#### [Exercise description]
Would you restate every entry below word for word? Leave out the pictures.

#### [Data records]
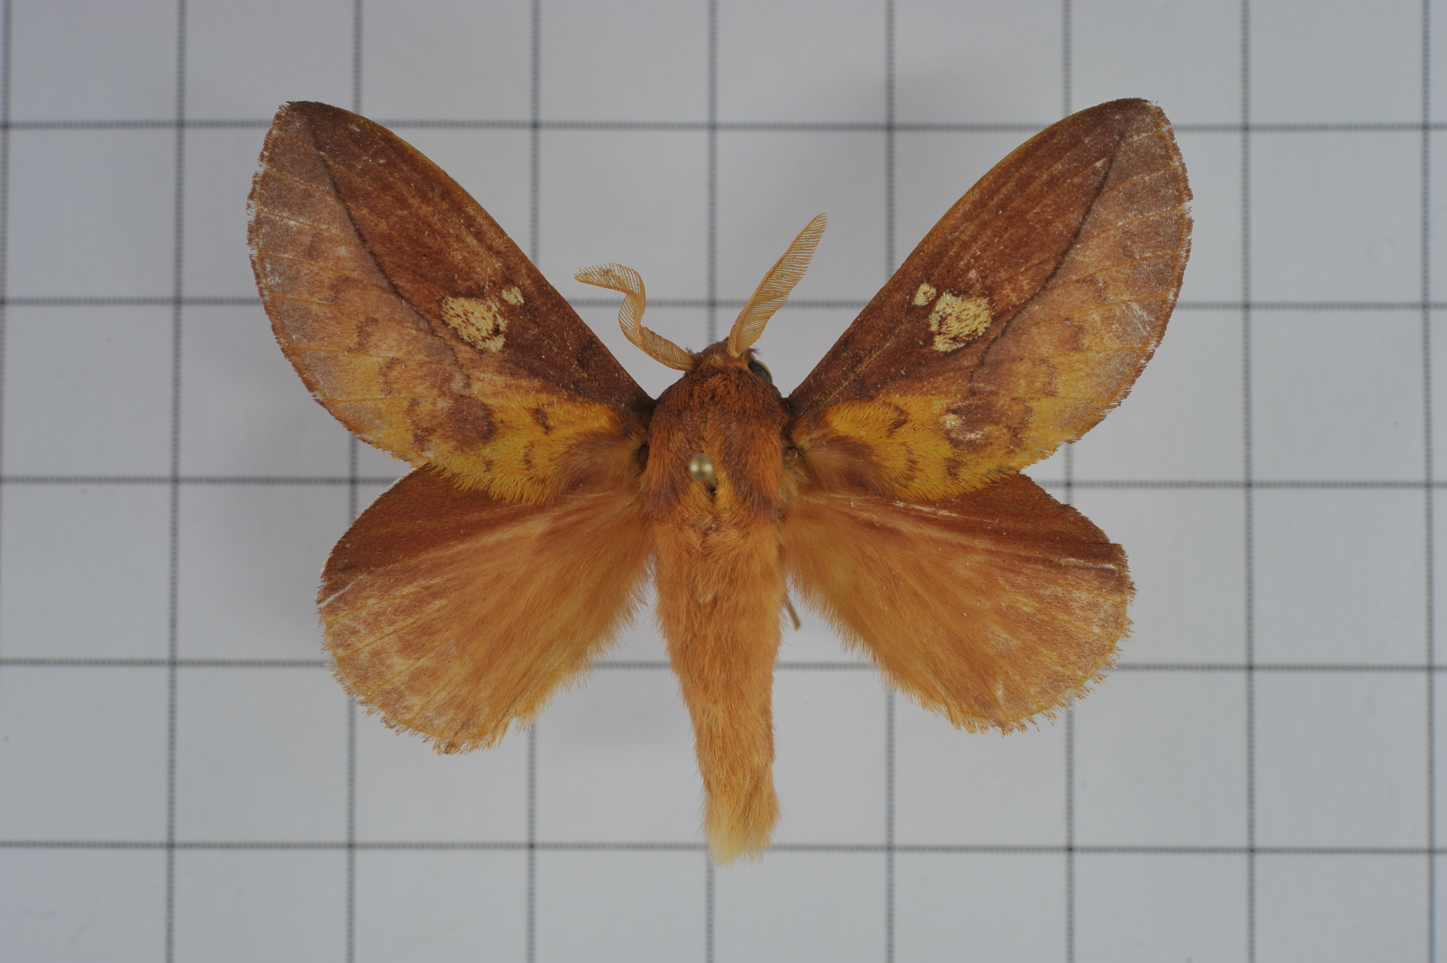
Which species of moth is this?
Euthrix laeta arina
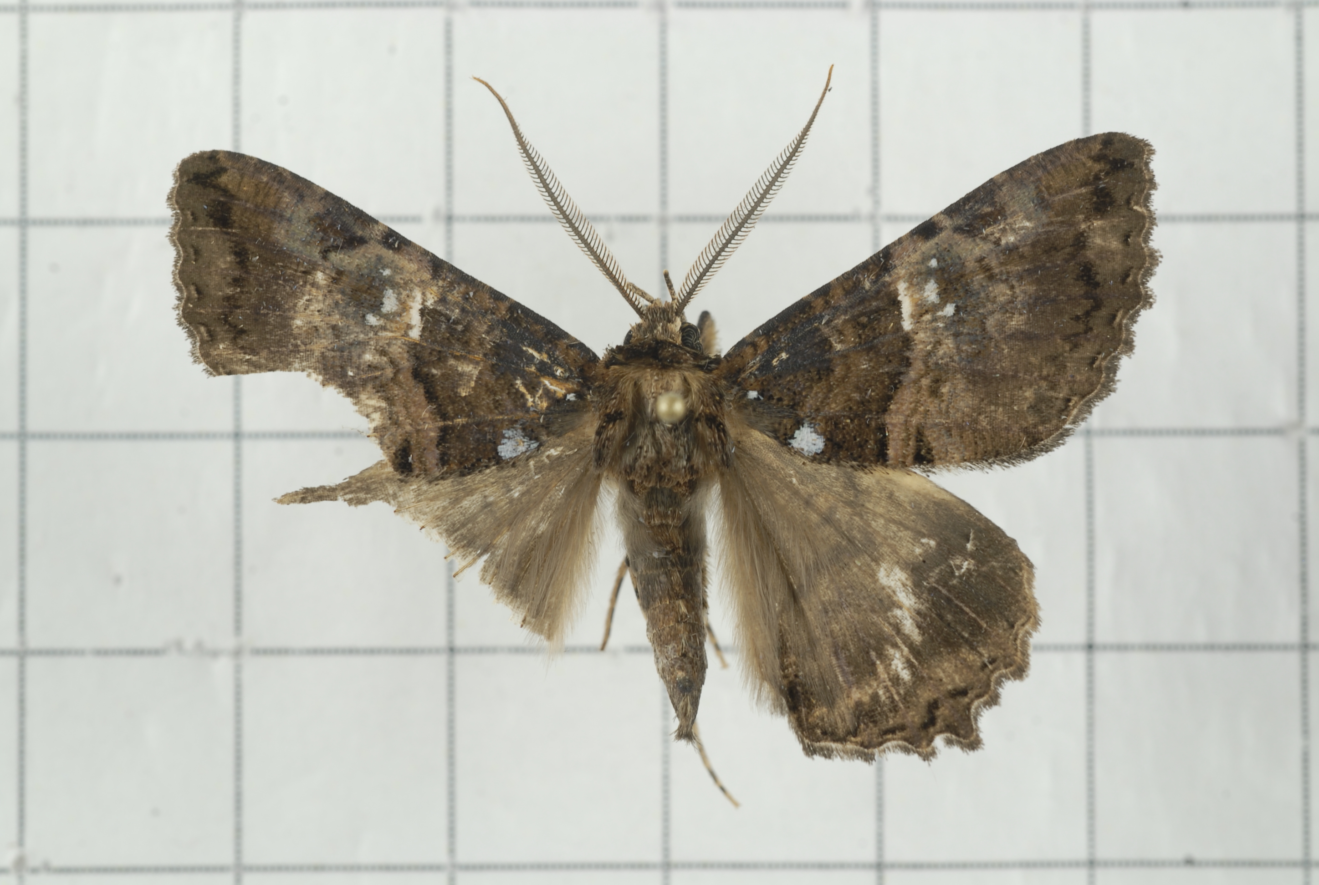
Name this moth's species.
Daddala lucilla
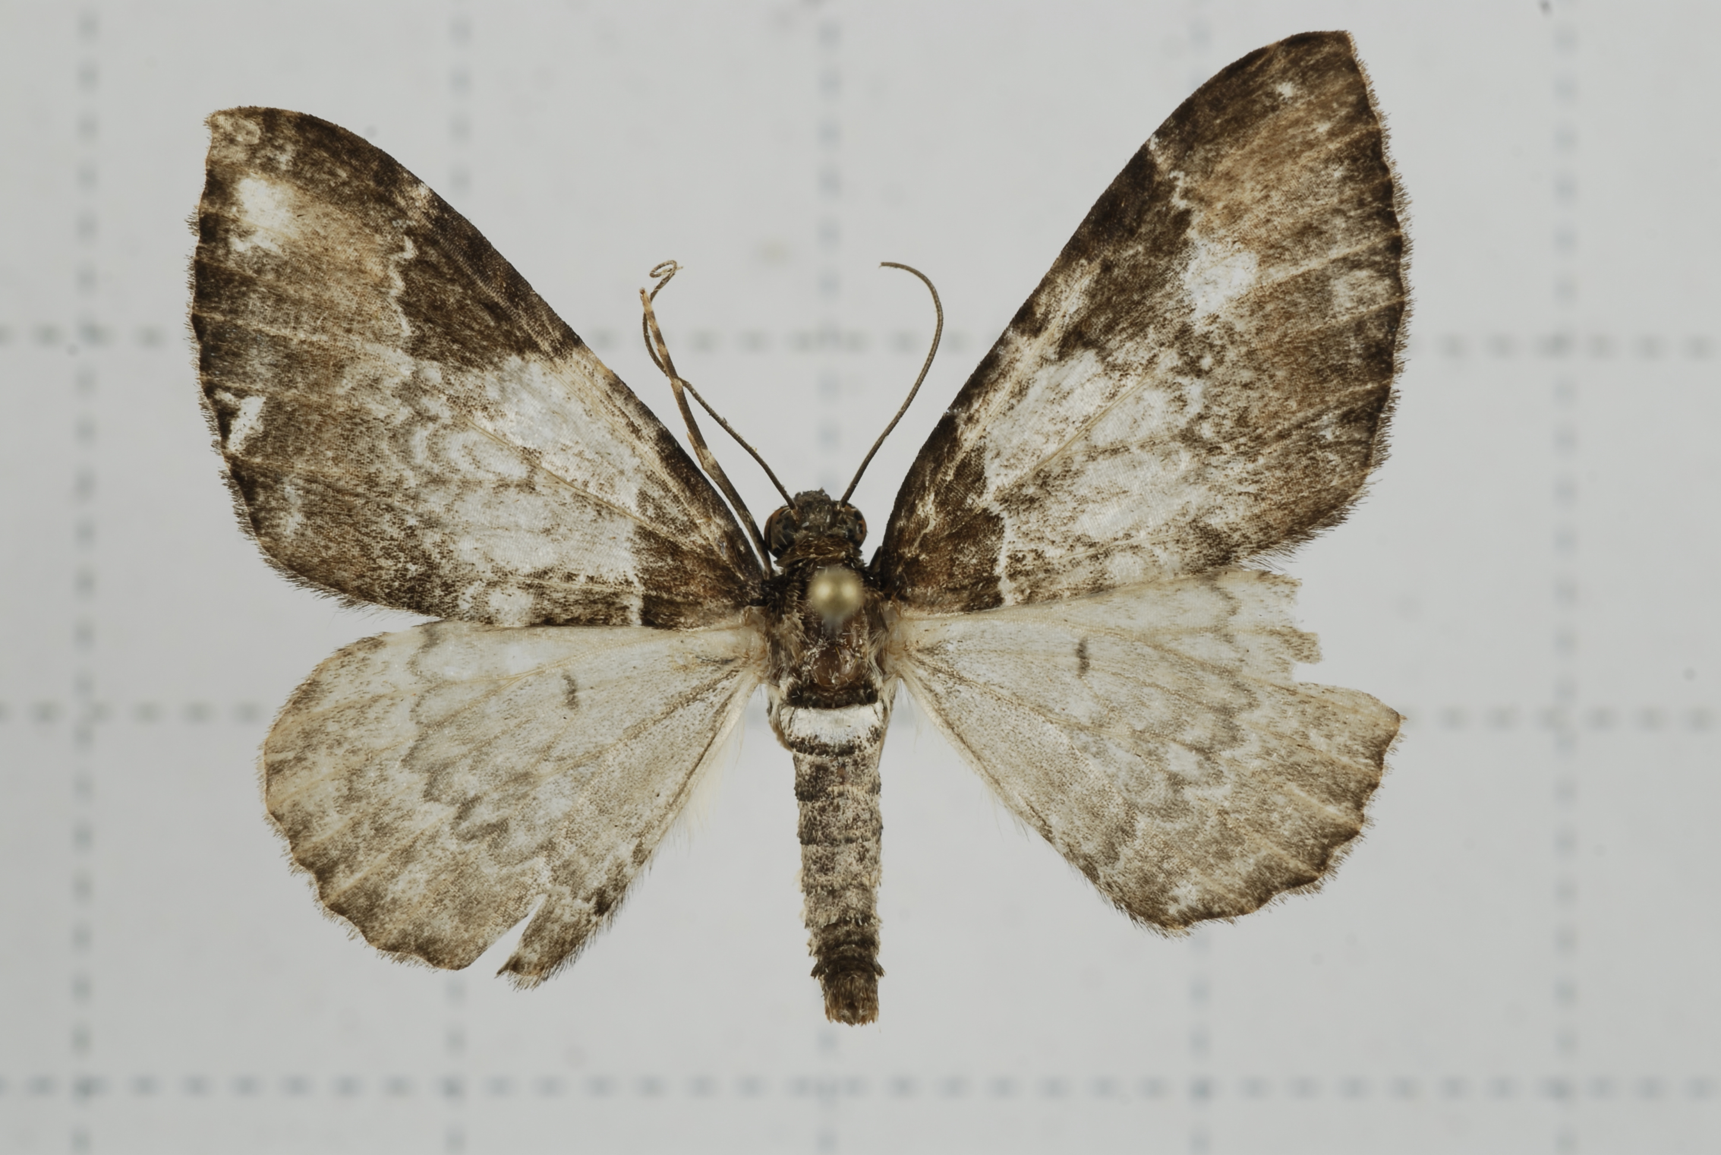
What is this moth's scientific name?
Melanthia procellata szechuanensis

#### [Result of the exercise]
Which species of moth is this?
Euthrix laeta arina
Name this moth's species.
Daddala lucilla
What is this moth's scientific name?
Melanthia procellata szechuanensis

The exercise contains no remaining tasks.